Wang Li-Juan, Yang Yong, Zhang Chun-Yang
Single-Molecule Detection and Imaging Laboratory, Shenzhen Institutes of Advanced Technology, Chinese Academy of Sciences, Guangdong 518055, China.
Anal Chem. 2015;87(9):4696-703. doi: 10.1021/ac504358q. Epub 2015 Apr 15.

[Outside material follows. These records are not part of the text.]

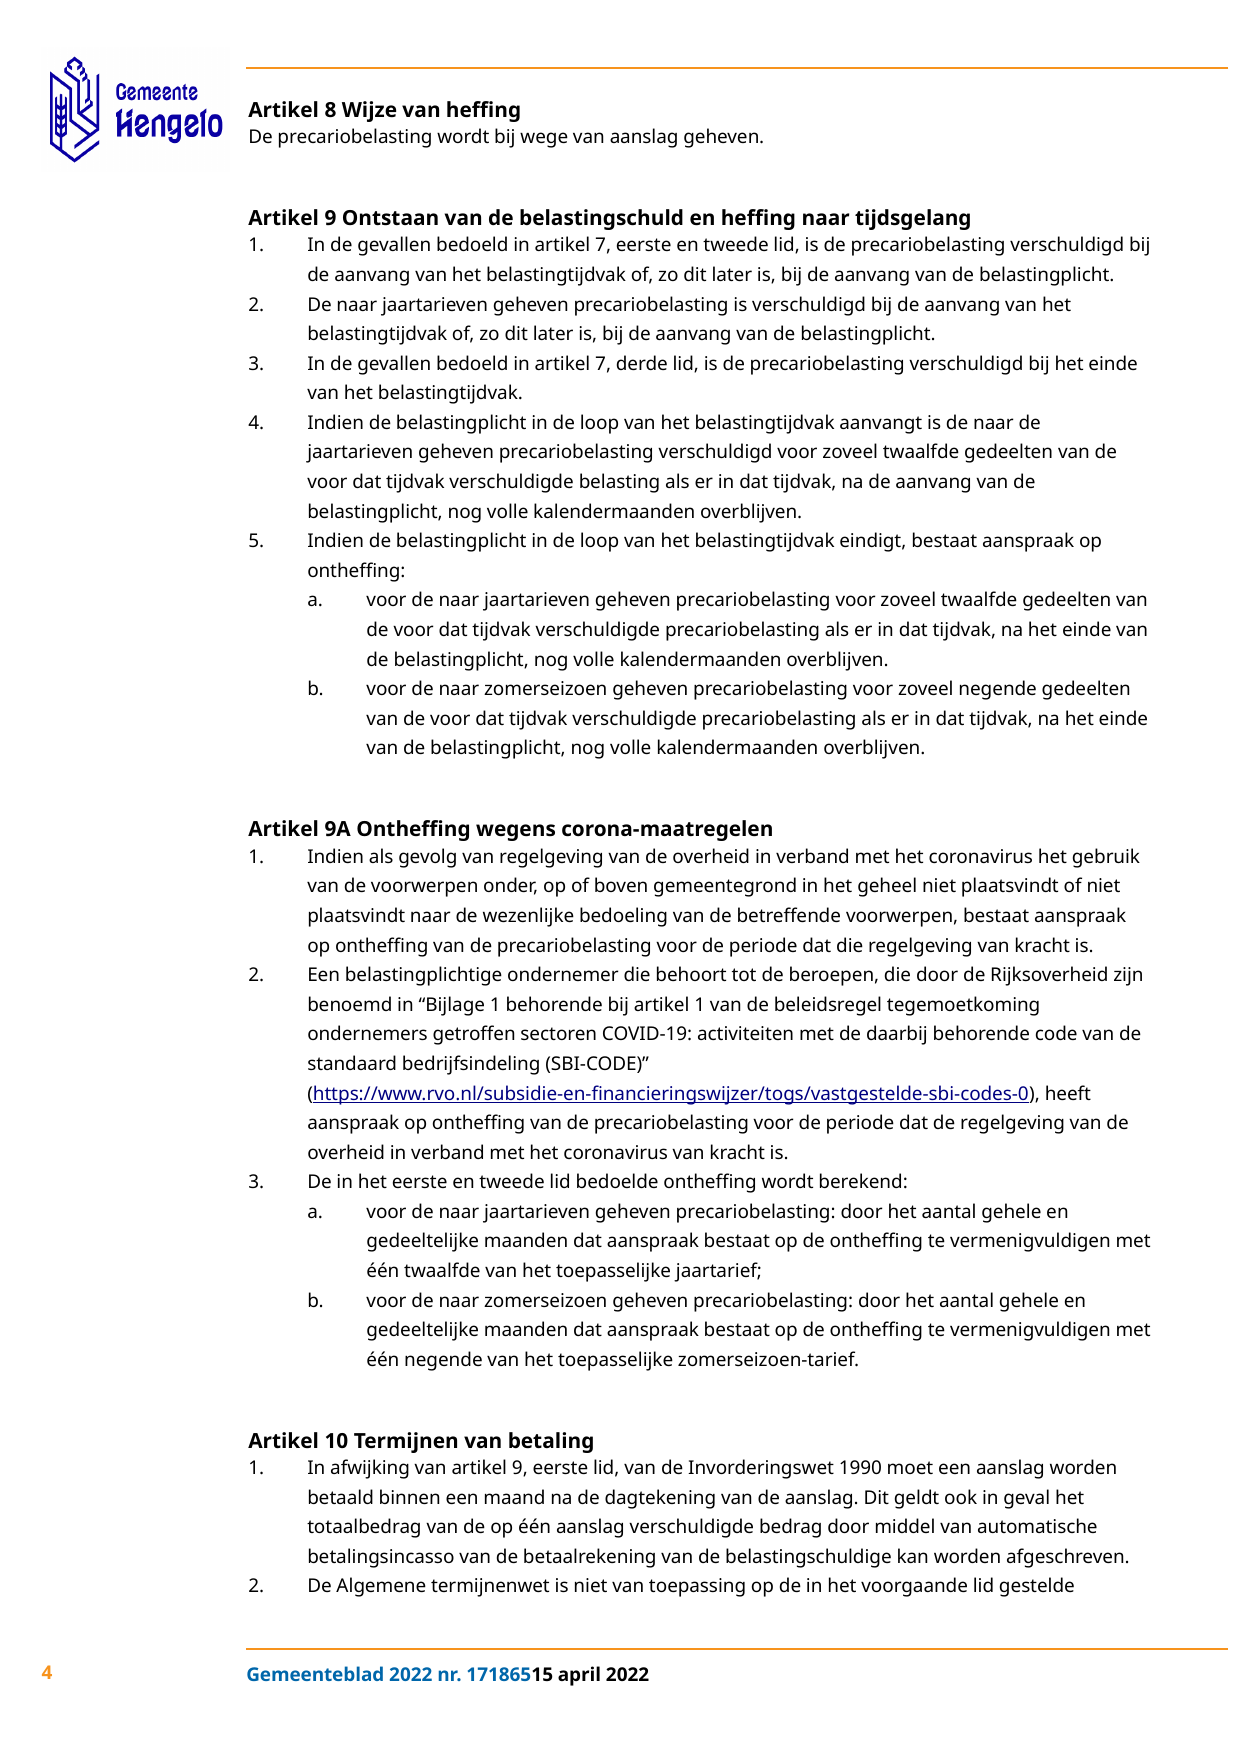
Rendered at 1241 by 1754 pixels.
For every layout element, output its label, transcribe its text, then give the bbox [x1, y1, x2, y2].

list De naar jaartarieven geheven precariobelasting is verschuldigd bij de aanvang van het belastingtijdvak of, zo dit later is, bij de aanvang van de belastingplicht. [248, 291, 1152, 346]
picture [41, 47, 231, 172]
list De in het eerste en tweede lid bedoelde ontheffing wordt berekend: [248, 1168, 1152, 1194]
text De precariobelasting wordt bij wege van aanslag geheven. [248, 123, 1152, 149]
list voor de naar zomerseizoen geheven precariobelasting voor zoveel negende gedeelten van de voor dat tijdvak verschuldigde precariobelasting als er in dat tijdvak, na het einde van de belastingplicht, nog volle kalendermaanden overblijven. [307, 675, 1152, 760]
list voor de naar jaartarieven geheven precariobelasting voor zoveel twaalfde gedeelten van de voor dat tijdvak verschuldigde precariobelasting als er in dat tijdvak, na het einde van de belastingplicht, nog volle kalendermaanden overblijven. [307, 587, 1152, 672]
list Een belastingplichtige ondernemer die behoort tot de beroepen, die door de Rijksoverheid zijn benoemd in “Bijlage 1 behorende bij artikel 1 van de beleidsregel tegemoetkoming ondernemers getroffen sectoren COVID-19: activiteiten met de daarbij behorende code van de standaard bedrijfsindeling (SBI-CODE)” (https://www.rvo.nl/subsidie-en-financieringswijzer/togs/vastgestelde-sbi-codes-0), heeft aanspraak op ontheffing van de precariobelasting voor de periode dat de regelgeving van de overheid in verband met het coronavirus van kracht is. [248, 961, 1152, 1164]
list In afwijking van artikel 9, eerste lid, van de Invorderingswet 1990 moet een aanslag worden betaald binnen een maand na de dagtekening van de aanslag. Dit geldt ook in geval het totaalbedrag van de op één aanslag verschuldigde bedrag door middel van automatische betalingsincasso van de betaalrekening van de belastingschuldige kan worden afgeschreven. [248, 1454, 1152, 1569]
list Indien de belastingplicht in de loop van het belastingtijdvak eindigt, bestaat aanspraak op ontheffing: [248, 527, 1152, 583]
text Artikel 10 Termijnen van betaling [248, 1426, 1152, 1454]
list De Algemene termijnenwet is niet van toepassing op de in het voorgaande lid gestelde [248, 1573, 1152, 1598]
list In de gevallen bedoeld in artikel 7, derde lid, is de precariobelasting verschuldigd bij het einde van het belastingtijdvak. [248, 350, 1152, 405]
list voor de naar zomerseizoen geheven precariobelasting: door het aantal gehele en gedeeltelijke maanden dat aanspraak bestaat op de ontheffing te vermenigvuldigen met één negende van het toepasselijke zomerseizoen-tarief. [307, 1287, 1152, 1372]
list In de gevallen bedoeld in artikel 7, eerste en tweede lid, is de precariobelasting verschuldigd bij de aanvang van het belastingtijdvak of, zo dit later is, bij de aanvang van de belastingplicht. [248, 232, 1152, 287]
list voor de naar jaartarieven geheven precariobelasting: door het aantal gehele en gedeeltelijke maanden dat aanspraak bestaat op de ontheffing te vermenigvuldigen met één twaalfde van het toepasselijke jaartarief; [307, 1198, 1152, 1283]
text Artikel 8 Wijze van heffing [248, 95, 1152, 123]
list Indien de belastingplicht in de loop van het belastingtijdvak aanvangt is de naar de jaartarieven geheven precariobelasting verschuldigd voor zoveel twaalfde gedeelten van de voor dat tijdvak verschuldigde belasting als er in dat tijdvak, na de aanvang van de belastingplicht, nog volle kalendermaanden overblijven. [248, 409, 1152, 524]
text Artikel 9A Ontheffing wegens corona-maatregelen [248, 814, 1152, 843]
text Artikel 9 Ontstaan van de belastingschuld en heffing naar tijdsgelang [248, 203, 1152, 232]
list Indien als gevolg van regelgeving van de overheid in verband met het coronavirus het gebruik van de voorwerpen onder, op of boven gemeentegrond in het geheel niet plaatsvindt of niet plaatsvindt naar de wezenlijke bedoeling van de betreffende voorwerpen, bestaat aanspraak op ontheffing van de precariobelasting voor de periode dat die regelgeving van kracht is. [248, 843, 1152, 957]

Protein kinases play crucial roles in intracellular signal transduction and metabolic pathways, and the monitoring of protein kinase activity is essential to the understanding of fundamental biochemical processes and the clinical diagnosis. Here, we demonstrate the phosphorylation-directed assembly of a single quantum dot (QD)-based nanosensor for sensitive detection of cAMP-dependent protein kinase (PKA). This assay involves (1) the PKA-directed simultaneous phosphorylation and biotinylation of cyanine 5 (Cy5)-labeled substrate peptides, (2) the assembly of phosphorylated and biotinylated peptides onto the surface of the QD, and (3) the illumination of Cy5 by means of fluorescence resonance energy transfer (FRET) between the QD and Cy5. With an adenosine triphosphate (ATP) analogue, γ-biotin-ATP, as the phosphoryl donor, the PKA-catalyzed phosphorylation reaction incorporates the biotin-conjugated phosphate group into the substrate peptides to form the biotinylated peptides. The biotin entity subsequently drives the assembly of peptides onto the surface of streptavidin-functionalized QD to form the sandwiched Cy5-peptide-QD nanostructure, enabling the occurrence of FRET between the QD and Cy5. The FRET signal can be easily recorded by either the conventional fluorescence spectrometer or the total internal reflection fluorescence (TIRF) microscope. In contrast, the absence of PKA cannot lead to the formation of Cy5-peptide-QD complex and no Cy5 signal can be detected. This protein kinase-actuated FRET assay is straightforward, without the involvement of either washing or separation steps, and has a significant advantage of high sensitivity with a detection limit of 9.3 × 10(-6) U/μL. Moreover, this method can be used to estimate the half-maximal inhibitory concentration (IC50) value of PKA inhibitor H-89 (N-[2-(p-bromocinnamylamino)ethyl]-5-isoquinolinesulfonamide dihydrochloride) and to monitor forskolin (Fsk)/3-isobutyl-1-methylxanthine (IBMX)-triggered activation of PKA in cell lysates, thus holding great potential for further applications in protein kinase-related biological researches and drug discovery.
蛋白激酶在细胞内信号转导和代谢途径中发挥着关键作用,对蛋白激酶活性的监测对于理解基本生化过程和临床诊断至关重要。在此,我们展示了一种基于单个量子点(QD)的纳米传感器的磷酸化导向组装,用于灵敏检测环磷酸腺苷(cAMP)依赖性蛋白激酶(PKA)。该检测方法包括:(1)PKA导向的对花菁5(Cy5)标记的底物肽进行同时磷酸化和生物素化;(2)将磷酸化和生物素化的肽组装到量子点表面;(3)通过量子点与Cy5之间的荧光共振能量转移(FRET)对Cy5进行光照。以三磷酸腺苷(ATP)类似物γ-生物素-ATP作为磷酰基供体,PKA催化的磷酸化反应将生物素共轭的磷酸基团掺入底物肽中,形成生物素化的肽。生物素实体随后驱动肽组装到链霉亲和素功能化的量子点表面,形成夹心式Cy5-肽-量子点纳米结构,使量子点与Cy5之间发生FRET。FRET信号可以很容易地通过传统荧光光谱仪或全内反射荧光(TIRF)显微镜记录。相比之下,没有PKA则无法导致Cy5-肽-量子点复合物的形成,并且检测不到Cy5信号。这种蛋白激酶驱动的FRET检测方法简单直接,无需洗涤或分离步骤,具有显著的高灵敏度优势,检测限为9.3×10⁻⁶ U/μL。此外,该方法可用于估计PKA抑制剂H-89(N-[2-(对溴肉桂氨基)乙基]-5-异喹啉磺酰胺二盐酸盐)的半数最大抑制浓度(IC50)值,并监测福斯可林(Fsk)/3-异丁基-1-甲基黄嘌呤(IBMX)触发的细胞裂解物中PKA的激活,因此在蛋白激酶相关生物学研究和药物发现的进一步应用中具有巨大潜力。